Identity theft occurs when someone uses your name, Social Security number, credit card number, or some other piece of your personal information for financial gain. Thieves often use this information to apply for a credit card, make unauthorized purchases, gain access to your bank accounts, or obtain loans under your name. The Federal Trade Commission estimates that as many as 9 million Americans have their identities stolen each year.

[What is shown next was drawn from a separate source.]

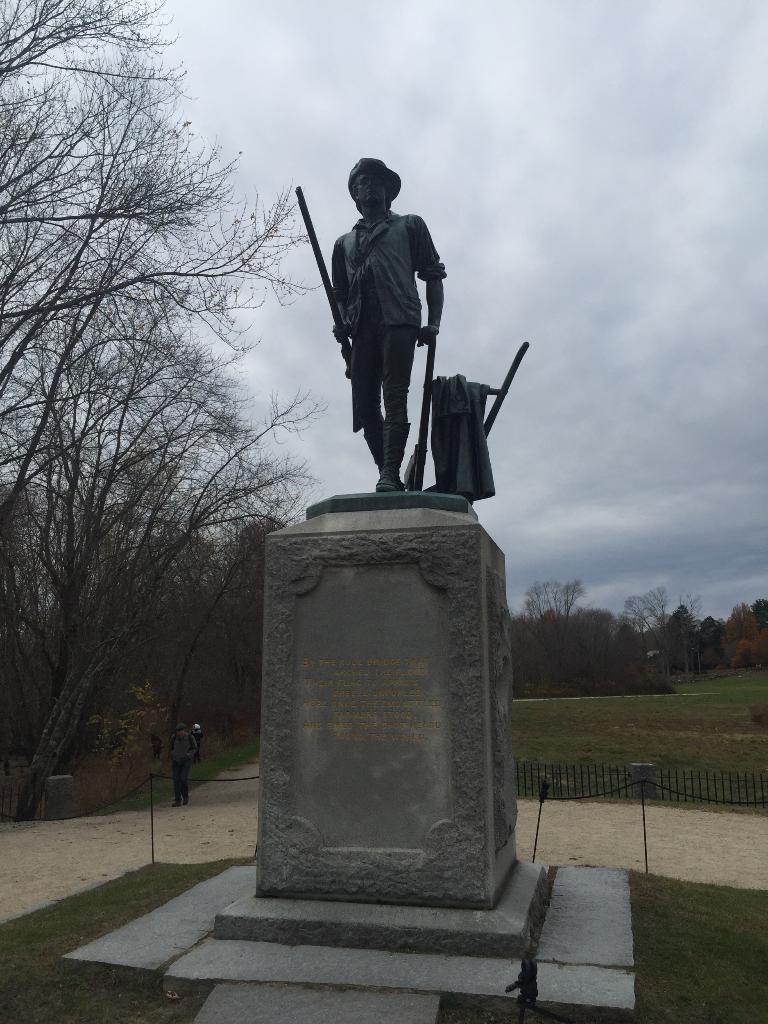In one or two sentences, can you explain what this image depicts? In the center of the image we can see a statue. In the background of the image we can see the trees, grass, fence, road, barricades. On the left side of the image we can see a man is standing. At the top of the image we can see the clouds in the sky.

How to Protect Yourself from Identity Theft

Be defensive with your personal information
  • Shred and destroy unwanted documents that contain personal information, including mail, unwanted credit card offers, old bills, etc. Cut up your expired or unwanted credit cards.
  • Bring your mail in daily — don’t leave mail in your mailbox. Have the post office hold your mail when you go on vacation.
  • Don’t carry your social security card or birth certificate with you. Keep them locked up in a safe place.
  • If a trustworthy group asks to use your social security number as an identifier, ask if something else may be used instead.
  • Share personal information over the phone or online only when you are certain that you know the person or business with whom you’re speaking.
  • When online, always review privacy policies, check the reputation of online organizations, and make sure your transactions are secure.
Protect your credit
  • Sign all new credit/debit cards as soon as you get them. If they are unsigned and end up lost or stolen, anyone can forge your signature on there instead.
  • Be aware and note when your monthly financial statements arrive in the mail. Notify your financial institutions if they don’t arrive when expected.
  • Carefully check your financial statement every month. If you spot suspicious activity, immediately inform your bank.
  • Take all receipts with you after all credit/debit or ATM transactions. They contain at least part of your account number.
  • Immediately report lost or stolen credit/debit cards and blank or incomplete checks.
  • Watch your credit card expiration dates. If you don’t receive a replacement card before the expiration date, call the issuer.
Create strong passwords and keep them secret
  • Create strong passwords.
  • Keep all of your passwords secret and remember them without writing them down.
  • Cover the screen with your hand when you type in your PIN at the ATM or cash register. “Shoulder surfers” will try to watch over your shoulder to steal your PIN.
Improve your computer's security
  • Keep your antivirus software and other software up-to-date to prevent hackers from stealing your personal information.

What to Do If You Think Your Identity Has Been Stolen

1. Immediately place a fraud alert on your credit reports.

  • Equifax
    Direct Line for reporting suspected fraud: 800-525-6285
    Fraud Division
    P.O. Box 740250
    Atlanta, GA 30374
    800-685-1111 / 888-766-0008
  • Experian
    Direct Line for reporting suspected fraud: 888-397-3742
    Credit Fraud Center P.O. Box 1017
    Allen, TX 75013
    888-EXPERIAN (888-397-3742)
  • Trans Union
    Direct Line for reporting suspected fraud: 800-680-7289
    Fraud Victim Assistance Department
    P.O. Box 6790
    Fullerton, CA 92634
    Phone: 800-916-8800 / 800-680-7289

2. If your Social Security Number has been stolen, contact the Social Security Administration (SSA) Fraud Hotline. The SSA can provide information on how to report the fraudulent use of your number and how to correct your earnings record.

3. Close accounts that were accessed or opened fraudulently.

  • Change the passwords on all of your accounts. Create a new, strong password — don’t reuse an old one or one that’s similar.
  • File a report with the local police.